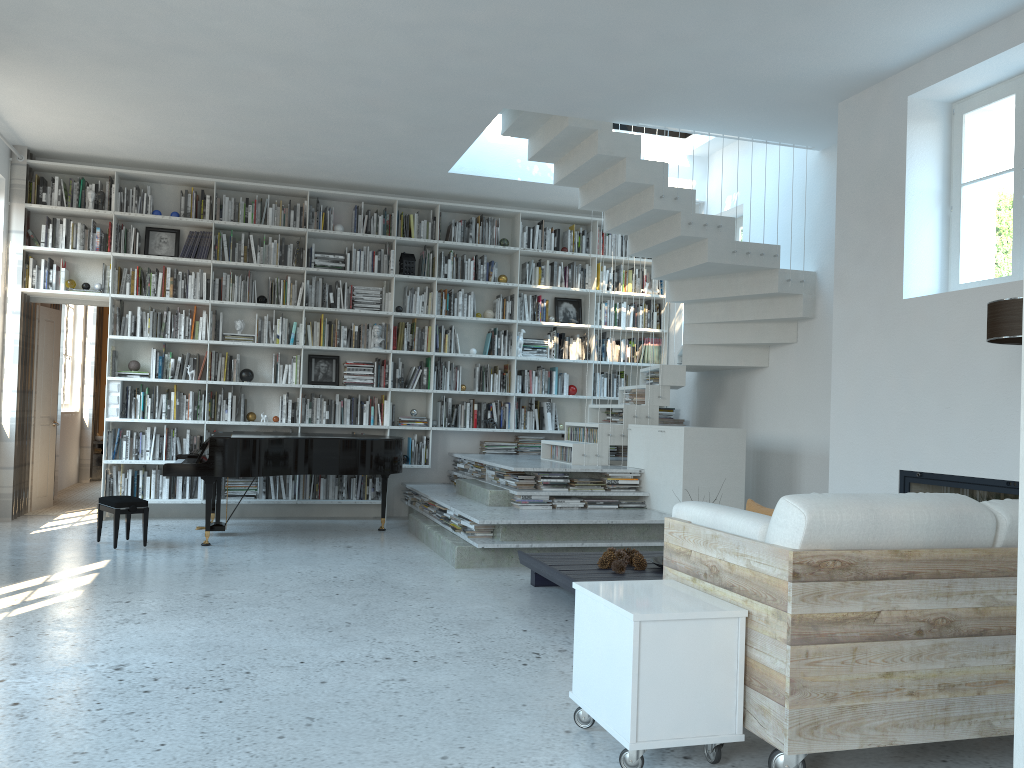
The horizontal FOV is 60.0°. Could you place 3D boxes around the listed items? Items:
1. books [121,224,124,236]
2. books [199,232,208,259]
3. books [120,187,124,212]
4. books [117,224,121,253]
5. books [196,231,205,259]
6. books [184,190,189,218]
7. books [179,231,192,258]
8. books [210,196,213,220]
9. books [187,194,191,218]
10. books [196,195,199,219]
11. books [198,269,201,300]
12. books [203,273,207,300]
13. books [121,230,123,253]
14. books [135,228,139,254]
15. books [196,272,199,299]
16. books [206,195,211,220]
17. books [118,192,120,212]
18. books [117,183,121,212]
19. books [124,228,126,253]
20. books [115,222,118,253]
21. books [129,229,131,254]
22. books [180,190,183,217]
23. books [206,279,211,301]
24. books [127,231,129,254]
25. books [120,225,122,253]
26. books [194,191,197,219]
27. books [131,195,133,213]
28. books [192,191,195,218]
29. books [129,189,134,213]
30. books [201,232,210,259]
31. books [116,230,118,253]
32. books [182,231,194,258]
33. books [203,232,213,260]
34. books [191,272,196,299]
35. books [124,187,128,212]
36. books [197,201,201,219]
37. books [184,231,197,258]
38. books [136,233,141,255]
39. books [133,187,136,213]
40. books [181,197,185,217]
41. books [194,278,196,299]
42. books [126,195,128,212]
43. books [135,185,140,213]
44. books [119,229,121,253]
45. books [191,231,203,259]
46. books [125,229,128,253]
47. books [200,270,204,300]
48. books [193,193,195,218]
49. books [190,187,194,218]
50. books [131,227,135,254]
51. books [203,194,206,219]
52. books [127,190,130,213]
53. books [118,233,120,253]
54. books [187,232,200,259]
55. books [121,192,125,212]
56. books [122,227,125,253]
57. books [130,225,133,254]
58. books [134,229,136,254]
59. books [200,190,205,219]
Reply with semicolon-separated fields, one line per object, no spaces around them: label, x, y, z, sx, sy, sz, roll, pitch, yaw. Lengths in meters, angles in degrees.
books;-3.549;-1.303;8.083;0.006;0.289;0.144;2;-1;-17
books;-2.887;-1.272;8.296;0.078;0.285;0.174;2;-1;-17
books;-3.561;-1.656;8.086;0.007;0.258;0.156;2;-1;-17
books;-3.578;-1.303;8.068;0.006;0.287;0.148;2;-1;-17
books;-2.908;-1.273;8.285;0.078;0.285;0.174;2;-1;-17
books;-3.023;-1.643;8.236;0.024;0.279;0.188;2;-1;-17
books;-3.031;-1.273;8.239;0.110;0.279;0.174;2;-1;-17
books;-2.813;-1.619;8.318;0.039;0.252;0.146;2;-1;-17
books;-2.998;-1.627;8.242;0.028;0.249;0.155;2;-1;-17
books;-2.941;-1.626;8.290;0.013;0.254;0.129;2;-1;-17
books;-2.904;-0.910;8.249;0.012;0.291;0.182;2;-1;-17
books;-2.864;-0.894;8.271;0.035;0.264;0.177;2;-1;-17
books;-3.539;-1.273;8.069;0.009;0.228;0.184;2;-2;-17
books;-3.427;-1.281;8.107;0.012;0.254;0.166;2;-1;-17
books;-2.930;-0.897;8.271;0.024;0.266;0.155;2;-1;-17
books;-2.843;-1.623;8.293;0.031;0.254;0.178;2;-2;-17
books;-3.571;-1.629;8.077;0.017;0.204;0.142;2;-2;-17
books;-3.584;-1.670;8.082;0.007;0.285;0.159;2;-1;-17
books;-3.521;-1.282;8.088;0.010;0.249;0.166;2;-1;-17
books;-3.588;-1.307;8.054;0.005;0.292;0.184;2;-1;-17
books;-3.480;-1.278;8.094;0.019;0.243;0.153;2;-1;-17
books;-3.072;-1.644;8.239;0.013;0.278;0.151;2;-1;-17
books;-2.822;-0.863;8.257;0.039;0.202;0.236;2;-2;-17
books;-3.488;-1.266;8.080;0.018;0.218;0.186;2;-2;-17
books;-3.554;-1.297;8.078;0.005;0.277;0.146;2;-1;-17
books;-2.944;-1.637;8.258;0.011;0.274;0.183;2;-1;-17
books;-3.466;-1.618;8.118;0.014;0.192;0.146;2;-2;-17
books;-2.968;-1.642;8.263;0.013;0.283;0.166;2;-1;-17
books;-3.477;-1.644;8.106;0.016;0.243;0.156;2;-1;-17
books;-2.864;-1.271;8.298;0.078;0.285;0.174;2;-1;-17
books;-3.593;-1.276;8.087;0.006;0.233;0.136;2;-1;-17
books;-3.012;-1.272;8.254;0.110;0.279;0.174;2;-1;-17
books;-2.839;-1.271;8.292;0.078;0.285;0.174;2;-1;-17
books;-2.959;-0.898;8.240;0.022;0.263;0.174;2;-1;-17
books;-3.519;-1.649;8.091;0.012;0.249;0.180;2;-2;-17
books;-2.916;-1.594;8.271;0.027;0.190;0.177;2;-2;-17
books;-2.985;-1.272;8.243;0.110;0.279;0.174;2;-1;-17
books;-3.413;-1.260;8.102;0.012;0.214;0.185;2;-2;-17
books;-3.447;-1.652;8.110;0.016;0.261;0.154;2;-1;-17
books;-3.050;-1.613;8.232;0.028;0.218;0.153;2;-2;-17
books;-2.947;-0.869;8.257;0.013;0.206;0.172;2;-2;-17
books;-3.509;-1.621;8.108;0.017;0.194;0.129;2;-1;-17
books;-3.421;-1.661;8.101;0.015;0.279;0.190;2;-1;-17
books;-3.560;-1.278;8.077;0.005;0.238;0.154;2;-1;-17
books;-2.934;-1.272;8.256;0.097;0.282;0.174;2;-1;-17
books;-3.508;-1.280;8.069;0.004;0.246;0.189;2;-2;-17
books;-2.891;-0.908;8.266;0.022;0.289;0.169;2;-1;-17
books;-2.954;-1.632;8.255;0.010;0.263;0.156;2;-1;-17
books;-2.984;-1.661;8.274;0.014;0.320;0.136;2;-1;-17
books;-3.451;-1.284;8.091;0.023;0.258;0.183;2;-2;-17
books;-2.872;-1.626;8.298;0.022;0.260;0.152;2;-1;-17
books;-3.489;-1.636;8.097;0.013;0.225;0.177;2;-2;-17
books;-3.570;-1.261;8.074;0.015;0.207;0.172;2;-2;-17
books;-2.968;-1.270;8.267;0.110;0.279;0.174;2;-1;-17
books;-3.543;-1.630;8.091;0.032;0.210;0.158;2;-2;-17
books;-3.527;-1.288;8.076;0.009;0.260;0.184;2;-2;-17
books;-3.467;-1.296;8.096;0.005;0.281;0.190;2;-1;-17
books;-3.438;-1.279;8.104;0.011;0.250;0.168;2;-1;-17
books;-2.887;-1.646;8.269;0.025;0.297;0.163;2;-1;-17

# Task directions:
When you reach the line containing "52. books [127,190,130,213]" in the data above, start copying exactly, and stop after the line containing "59. books [200,190,205,219]".

# Task output:
52. books [127,190,130,213]
53. books [118,233,120,253]
54. books [187,232,200,259]
55. books [121,192,125,212]
56. books [122,227,125,253]
57. books [130,225,133,254]
58. books [134,229,136,254]
59. books [200,190,205,219]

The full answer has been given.